After Jerpoint Park, we traveled on to Waterford, where we would get a tour of the famous crystal factory, called Waterford Crystal. However, our tour didn’t start until three in the afternoon and we had arrived just before two. This gave us an hour of free time to do with as we pleased. I was in need of a restroom and technical assistance with my cellphone, as it had shut itself down and refused to start up.

Across the street from the factory was a what I assumed was a professional building, but ultimately turned out to be the Georgian museum, one of three museums within five minutes walking distance of the crystal factory. Right next to the Georgian museum was one dedicated to the Medieval era, but I opted for Reginald’s Tower. At four euros, how could I pass up any type of museum?

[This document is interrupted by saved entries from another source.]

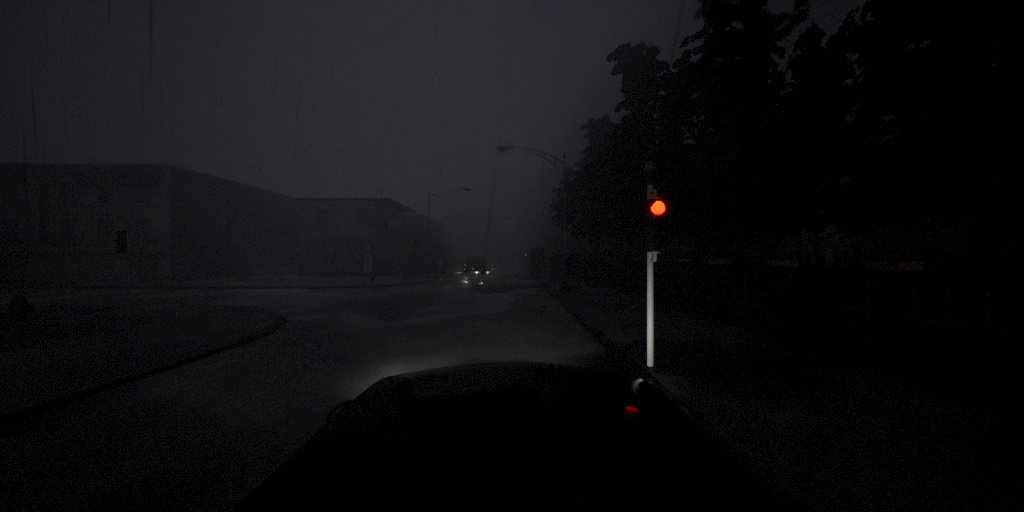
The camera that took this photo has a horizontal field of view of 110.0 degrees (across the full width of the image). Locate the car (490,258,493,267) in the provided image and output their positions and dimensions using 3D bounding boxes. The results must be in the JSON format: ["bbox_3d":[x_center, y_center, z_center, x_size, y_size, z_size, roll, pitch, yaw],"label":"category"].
[{"bbox_3d":[-4.056,1.351,50.331,1.895,1.301,4.718,0,0,0],"label":"car"}]

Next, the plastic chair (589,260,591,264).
[{"bbox_3d":[13.765,1.304,62.421,0.730,1.272,0.750,0,0,-35],"label":"plastic chair"}]

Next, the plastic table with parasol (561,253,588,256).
[{"bbox_3d":[10.016,0.684,57.837,2.482,2.480,2.482,0,0,-40],"label":"plastic table with parasol"}]

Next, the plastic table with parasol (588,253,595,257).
[{"bbox_3d":[14.718,0.673,63.308,2.482,2.480,2.482,0,0,-42],"label":"plastic table with parasol"}]

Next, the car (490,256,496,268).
[{"bbox_3d":[-3.998,0.972,62.618,2.150,2.045,5.566,0,0,2],"label":"car"}]

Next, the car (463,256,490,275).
[{"bbox_3d":[-4.070,0.971,40.154,2.150,2.045,5.566,0,0,0],"label":"car"}]

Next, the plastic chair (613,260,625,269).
[{"bbox_3d":[16.066,1.296,54.095,0.750,1.272,0.730,0,0,-40],"label":"plastic chair"}]

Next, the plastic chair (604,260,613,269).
[{"bbox_3d":[14.359,1.306,54.193,0.730,1.272,0.750,0,0,-35],"label":"plastic chair"}]

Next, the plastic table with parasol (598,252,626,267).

Reginald's Tower and replica viking ship.
Reginald’s Tower and replica viking ship.

Reginald’s Tower is the oldest civic building in Ireland, as well as the only urban monument to retain a Norse or Viking name (1). Had I more than one spare hour before the tour of the crystal factory, I would have made a point to visit the Georgian and the Medieval museums as well as the Tower. Something to look forward to when I plan my next visit to the Emerald Isle.

Once inside the museum, you are greeted by the relations desk and shop. The stone stairwell leading to the top of the tower is worn down by centuries of people climbing them – it’s a little unnerving to realize that you’re stepping on the same paths others had taken years earlier or decades or millennia, even (2).

In addition to being worn, the stairwell is narrow to the point of being claustrophobic. There is no railing, only a rope and that is tied off onto the wall, not the empty space opposite. I often found myself holding onto the steps themselves in order to keep my balance (narrow, worn and, fortunately, practically steep enough to be a ladder).

I was able to climb high enough to reach the third floor, but mild claustrophobia and vertigo convinced me to turn back. It’s not bad enough to keep me from attempting climbs, but it does make it uncomfortable to the point where I need to make decisions about continuing on or going back.

After my tour of the Tower, I made my way to First Street and was able to find a cellphone shop that took care of my phone. I realize this sounds incredibly mundane (I’m in Ireland!), but this was on a Sunday and most businesses are closed on Sundays. So it was a stroke of luck to find one that was open.

I also found a bookshop (I have an unnerving ability to do that), browsed through their displays of books about the Easter Rising of 1916 and got a cup of coffee (one of three cups the entire time I was there – I drank more tea than coffee).

I was back at the crystal factory with a few minutes to spare. This tour of the factory showed us how the crystal is made, from sports trophies to the panels that go on the New Year’s Eve ball in Times Square, New York. It is an amazing experience and one I highly recommend.

By all means, visit the more well-known cities, like Dublin or Galway or Belfast, but if you don’t make the journey to Waterford, you’re missing a lot.

*****
(1) Quote from the Wikipedia article.
(2) This is true regardless of what part of the world you’re in – I live in a valley that had been inhabited by Native Americans long before the Europeans arrived.